**Work task**
Exactly the lines below from the one with "dict[currentDigCount]++;" up to and including the one with "dict[pointer]++;" make up the answer, with nothing else added.

-- Records supplied follows --

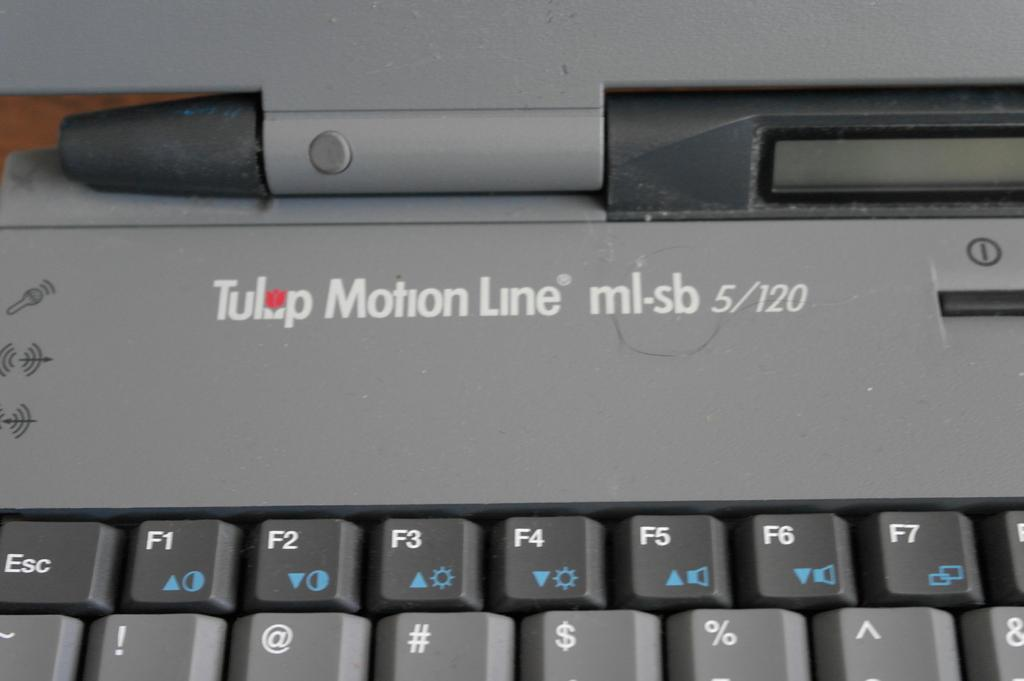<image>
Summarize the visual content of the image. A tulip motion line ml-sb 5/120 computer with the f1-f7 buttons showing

-- Records supplied concluded --
-- Records supplied follows --

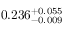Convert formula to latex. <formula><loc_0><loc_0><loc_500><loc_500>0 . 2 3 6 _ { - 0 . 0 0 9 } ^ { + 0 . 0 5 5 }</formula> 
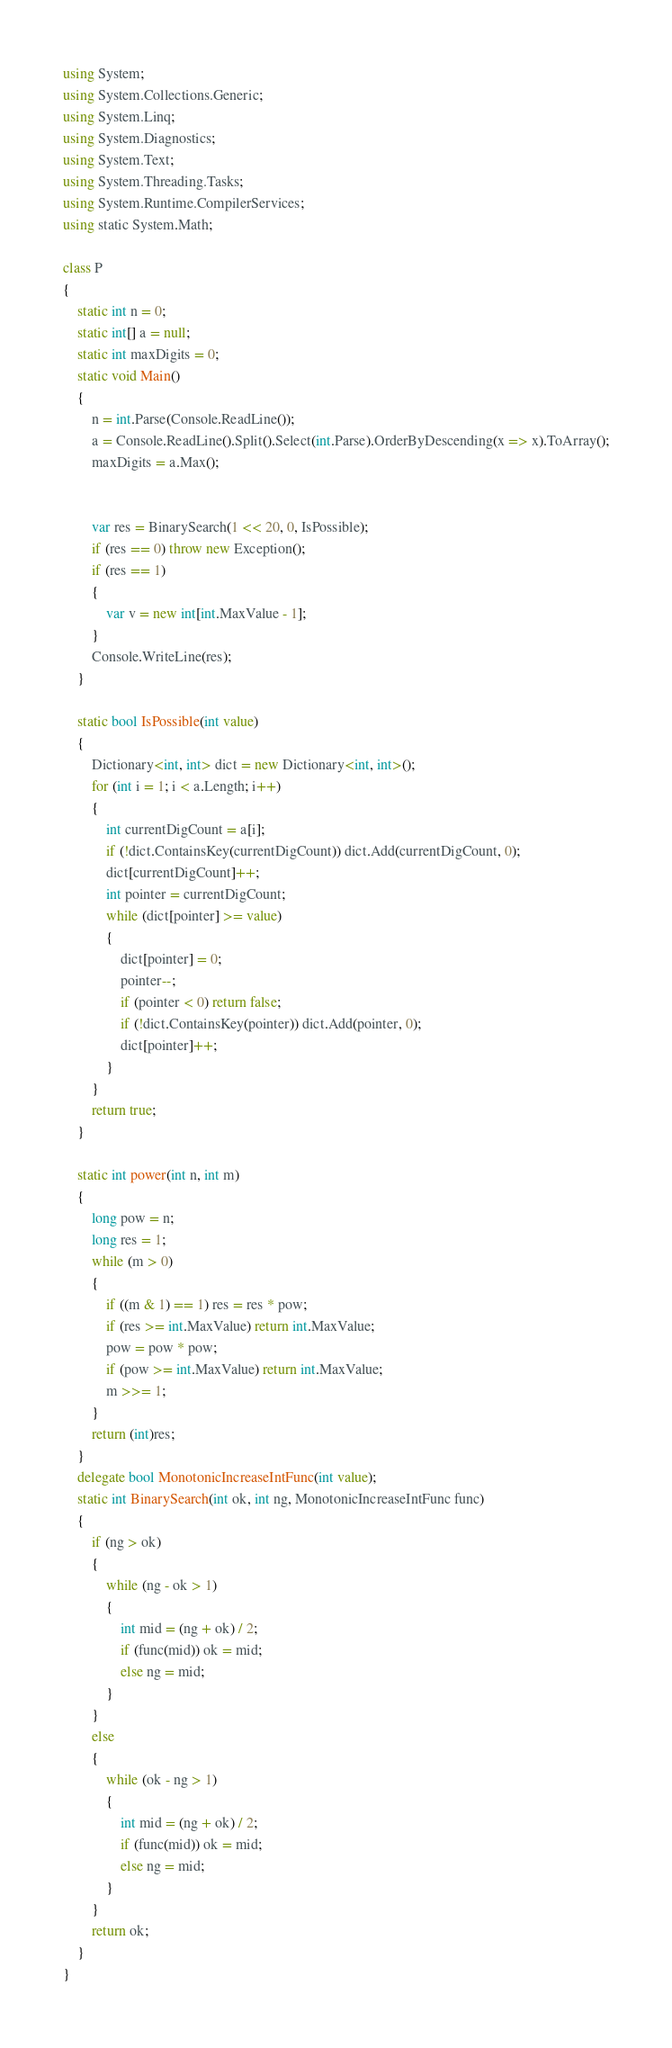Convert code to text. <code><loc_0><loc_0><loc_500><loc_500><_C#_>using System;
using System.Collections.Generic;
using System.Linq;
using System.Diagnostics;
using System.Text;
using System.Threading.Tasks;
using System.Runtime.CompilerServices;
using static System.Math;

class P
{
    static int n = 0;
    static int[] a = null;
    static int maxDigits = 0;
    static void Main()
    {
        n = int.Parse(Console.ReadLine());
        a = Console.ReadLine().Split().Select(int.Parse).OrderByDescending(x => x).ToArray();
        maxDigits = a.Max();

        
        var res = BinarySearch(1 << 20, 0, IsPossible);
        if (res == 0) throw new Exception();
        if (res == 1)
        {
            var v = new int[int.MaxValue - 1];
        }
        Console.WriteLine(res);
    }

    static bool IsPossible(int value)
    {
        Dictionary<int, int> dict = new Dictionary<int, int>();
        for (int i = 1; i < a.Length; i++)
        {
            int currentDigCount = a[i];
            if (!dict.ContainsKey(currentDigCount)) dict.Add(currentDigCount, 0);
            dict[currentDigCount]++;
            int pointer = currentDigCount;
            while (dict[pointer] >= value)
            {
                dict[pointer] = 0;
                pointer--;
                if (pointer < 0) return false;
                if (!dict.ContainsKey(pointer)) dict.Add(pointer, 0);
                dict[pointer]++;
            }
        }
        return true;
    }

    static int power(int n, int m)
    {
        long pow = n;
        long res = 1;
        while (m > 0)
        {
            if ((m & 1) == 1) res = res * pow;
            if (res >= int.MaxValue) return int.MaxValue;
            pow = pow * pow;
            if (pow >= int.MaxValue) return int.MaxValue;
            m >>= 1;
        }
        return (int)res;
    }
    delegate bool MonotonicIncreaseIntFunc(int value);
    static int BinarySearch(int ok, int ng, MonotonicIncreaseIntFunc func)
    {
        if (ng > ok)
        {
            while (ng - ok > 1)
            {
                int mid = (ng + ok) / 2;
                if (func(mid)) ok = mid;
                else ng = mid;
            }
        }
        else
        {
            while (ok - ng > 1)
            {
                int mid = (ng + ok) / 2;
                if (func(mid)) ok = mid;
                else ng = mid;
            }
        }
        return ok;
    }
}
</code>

-- Records supplied concluded --

**Response**
            dict[currentDigCount]++;
            int pointer = currentDigCount;
            while (dict[pointer] >= value)
            {
                dict[pointer] = 0;
                pointer--;
                if (pointer < 0) return false;
                if (!dict.ContainsKey(pointer)) dict.Add(pointer, 0);
                dict[pointer]++;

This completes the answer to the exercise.